The Gist Fam said...

I know exactly how you feel! I'm just a few weeks ahead of you. While there are people around us who have known all along what we've been struggling through, the vast majority of our friends/acquaintances did not. Last week we publicly announced our pregnancy, including on facebook. The next day I started a 4-part series on my blog chronicling our story, and posted that link on facebook as well. We've had so many people share that they had no idea what we had gone through, and were so grateful to know our story. When people have congratulated me, I've usually said, "Thank you - we are thrilled, especially since it's been such a long road to get here." I feel like using that phrase I am able to let them know it's not as easy as they may think or have experienced themselves.

Melissa said...

I say, tell her what you are at ease with telling her.

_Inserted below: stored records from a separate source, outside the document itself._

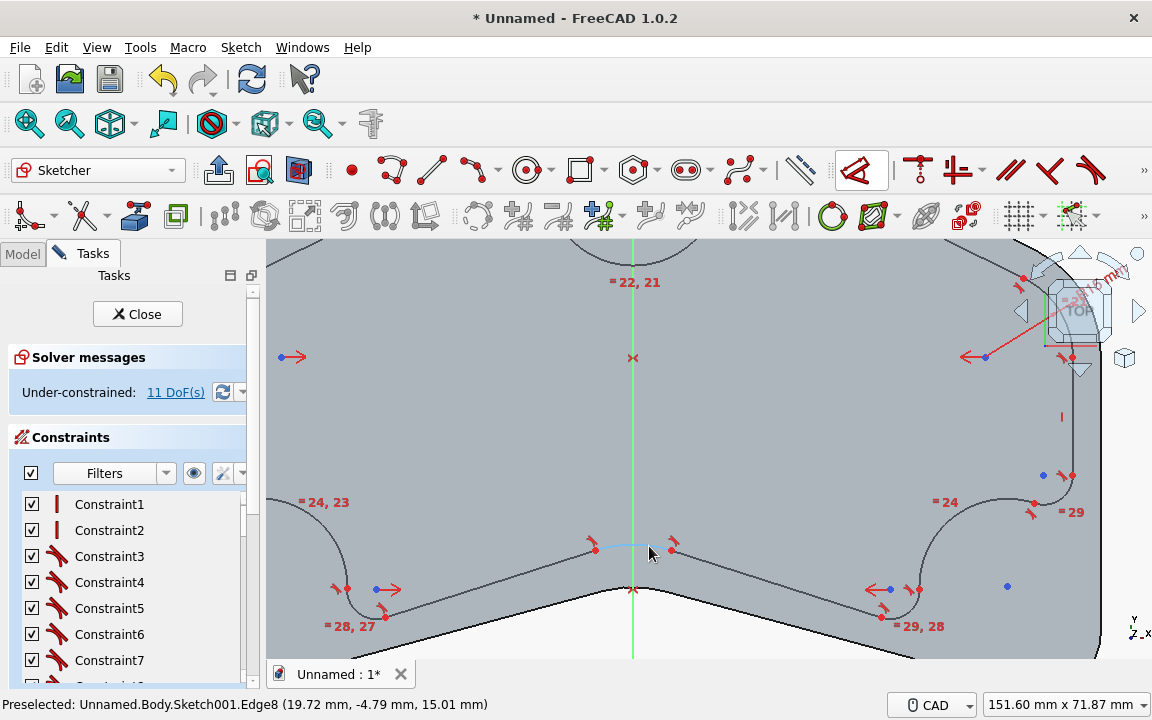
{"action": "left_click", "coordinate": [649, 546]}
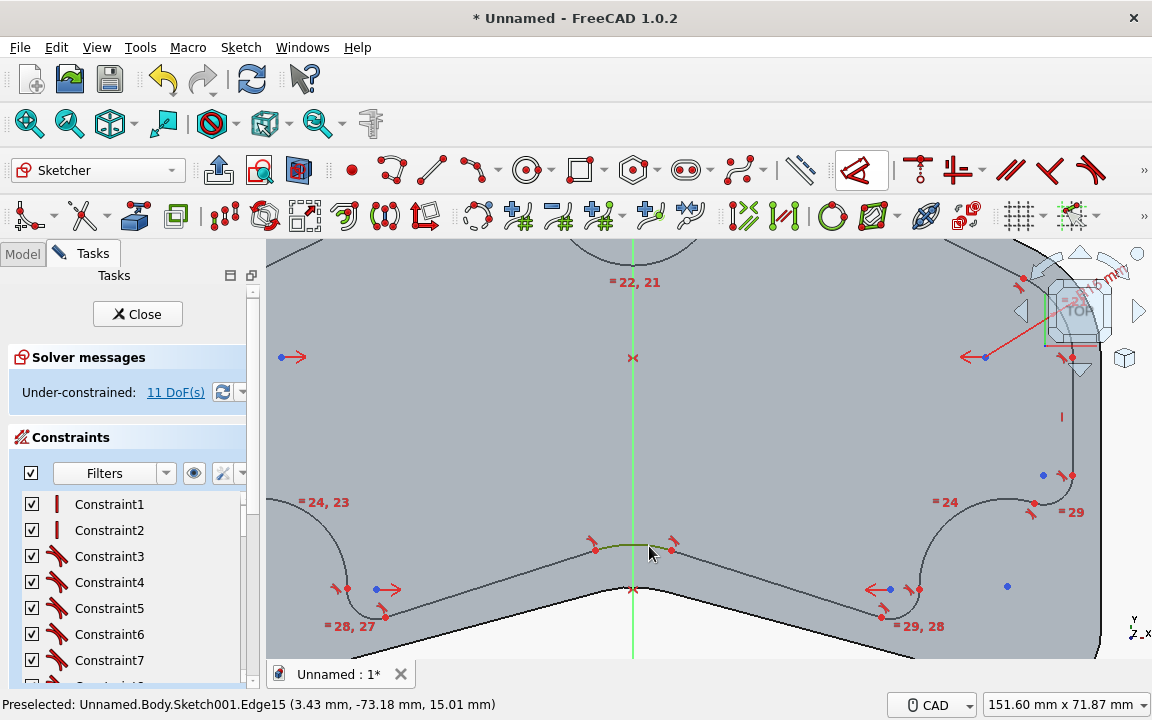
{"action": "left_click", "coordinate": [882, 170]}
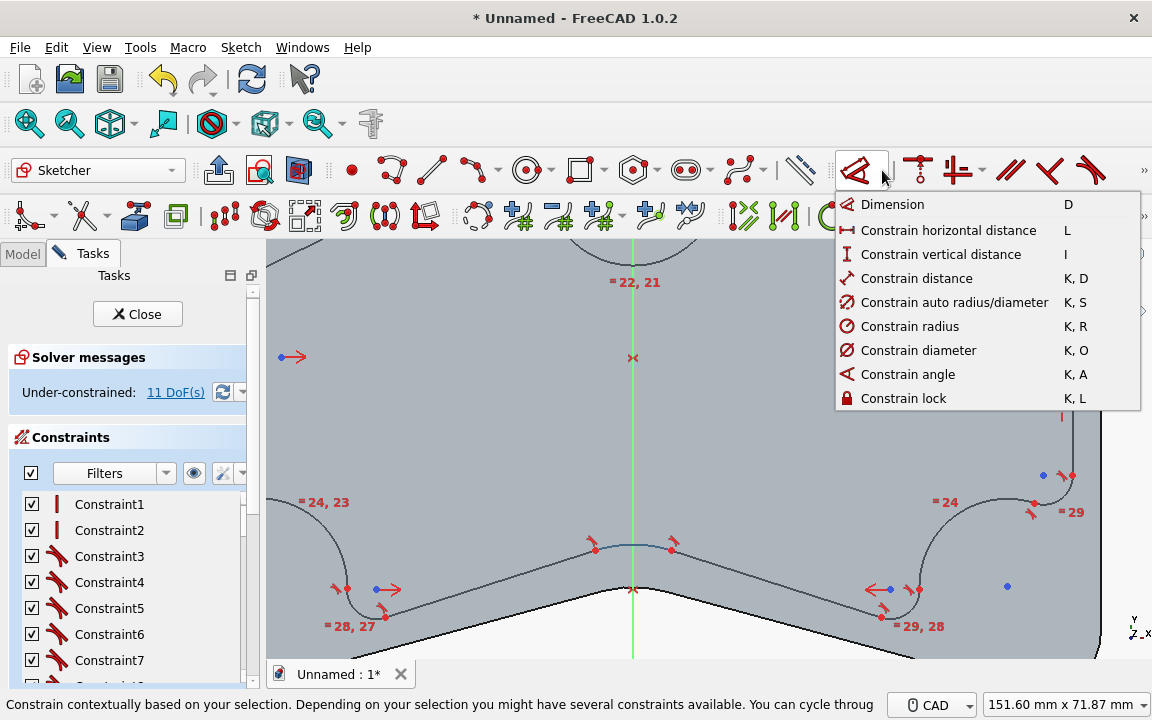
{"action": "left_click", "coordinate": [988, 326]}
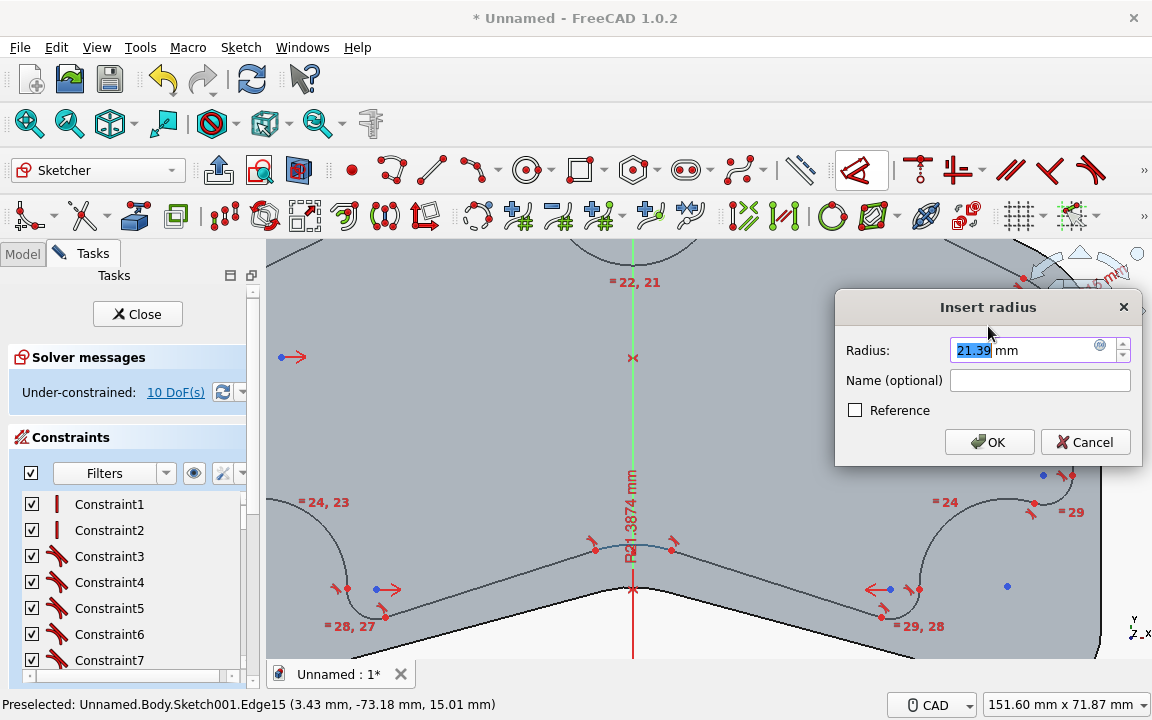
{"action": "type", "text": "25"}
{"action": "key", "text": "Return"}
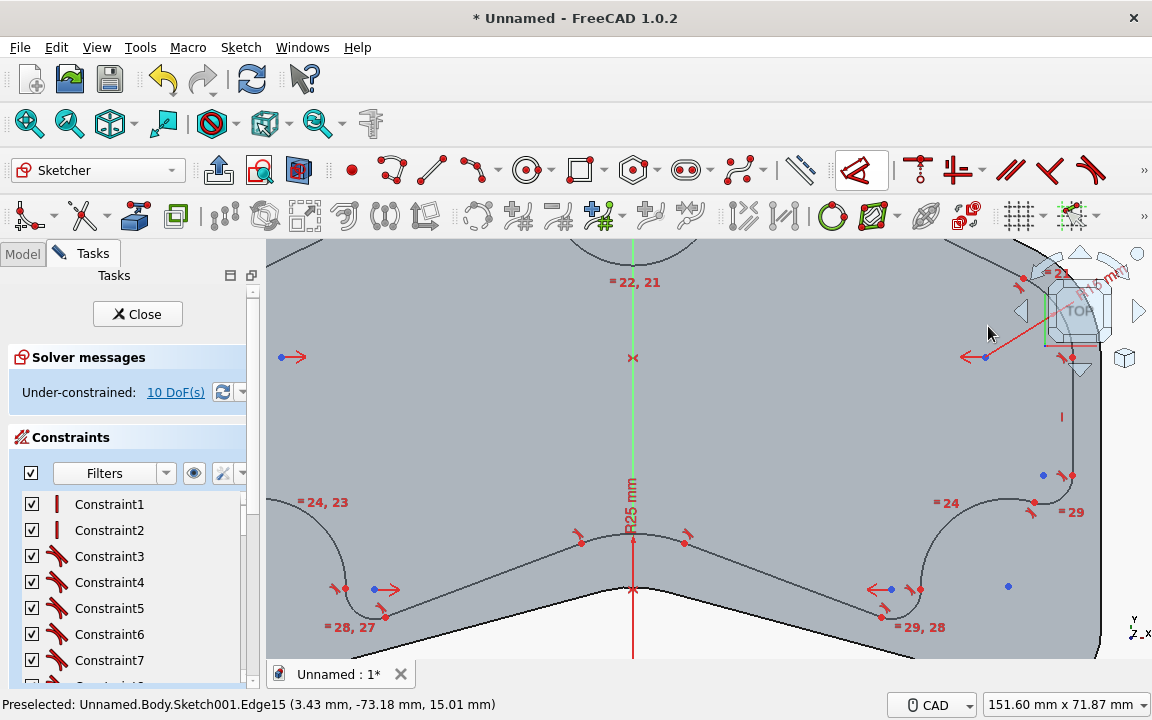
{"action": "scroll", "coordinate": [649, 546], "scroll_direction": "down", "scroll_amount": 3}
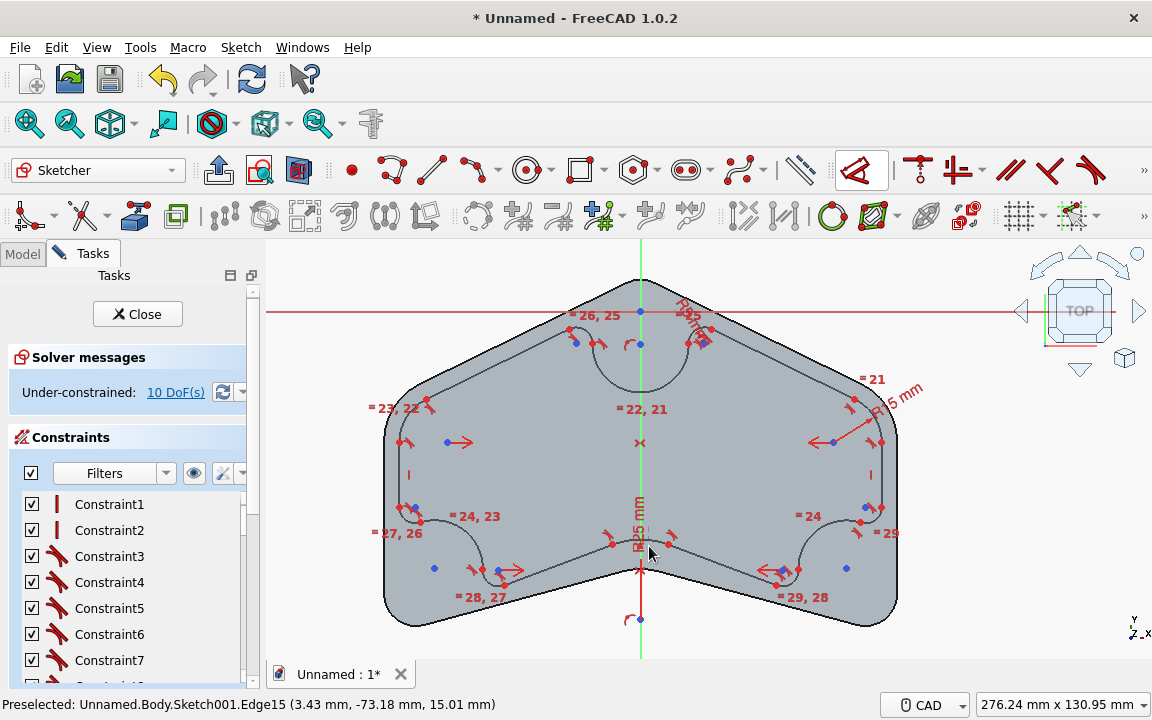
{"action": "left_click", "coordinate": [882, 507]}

And if she does just go around telling everyone what you and DH went through to have this miracle baby, maybe there is someone else on your block that is going through the same thing and needs to hear it.

Good luck today though :)

the misfit said...

Wow. I would totally want to make clear to everyone who congratulated me that I was not what they thought I was - just another girl who stopped taking the pill and got pregnant the next month - but someone who has been a billion times more open to life than anyone they know or can imagine, and has been put through the wringer and so far just has this one fragile pregnancy to show for it. But how do you say all that in response to a good-natured "congatulations"? Maybe a t-shirt would be the simplest way. Or maybe you can work it in when you have the opportunity of a more in-depth conversation. For me, the opportunity to tell the whole ugly truth would be way more tempting than the opportunity to keep my business private, but I know we all approach these experiences differently and I can certainly understand the perspective of those who don't want the world any further in their business than it would have been had they been healthy!

Trisha said...

It is hard and I still struggle with it. However, there are some people I've shared with and some that I won't. The main reason why I share is to hopefully be able to help someone who is going through the same thing we went through. You'll know when it's best for you to share. Hope you're feeling well!

Anonymous said...

You could start with, "After trying for 4 years, I am thrilled to announce..." or something like that. When we wrote our letter to the fam to announce our adoption, I wrote something to the effect that "we have been hoping to be parents for quite a few years now" and left it at that.
I love the t-shirt idea! If I ever get pregnant, I'm totally wearing one!

Anonymous said...

P.S. My BIL's family would be absolutely DISGUSTED if my sister were to get pregnant again (with their third child). Obviously, they weren't exactly the most understanding when she was trying for 3+ yrs for my nephew and then 6 yrs for my niece. Crazy, huh?
Your story about your MIL reminded me of that for some reason...

Becky said...

For me, it has been easier to be open about our struggle with infertility and now with our adoption journey. I figure it is more people praying and more people who will know what a miracle our son is. However, there are definitely people I have chosen not to be fully open with if I felt like I needed to guard myself a bit from them because of the type of person they seemed to be or if I was just feeling particularly vulnerable that day.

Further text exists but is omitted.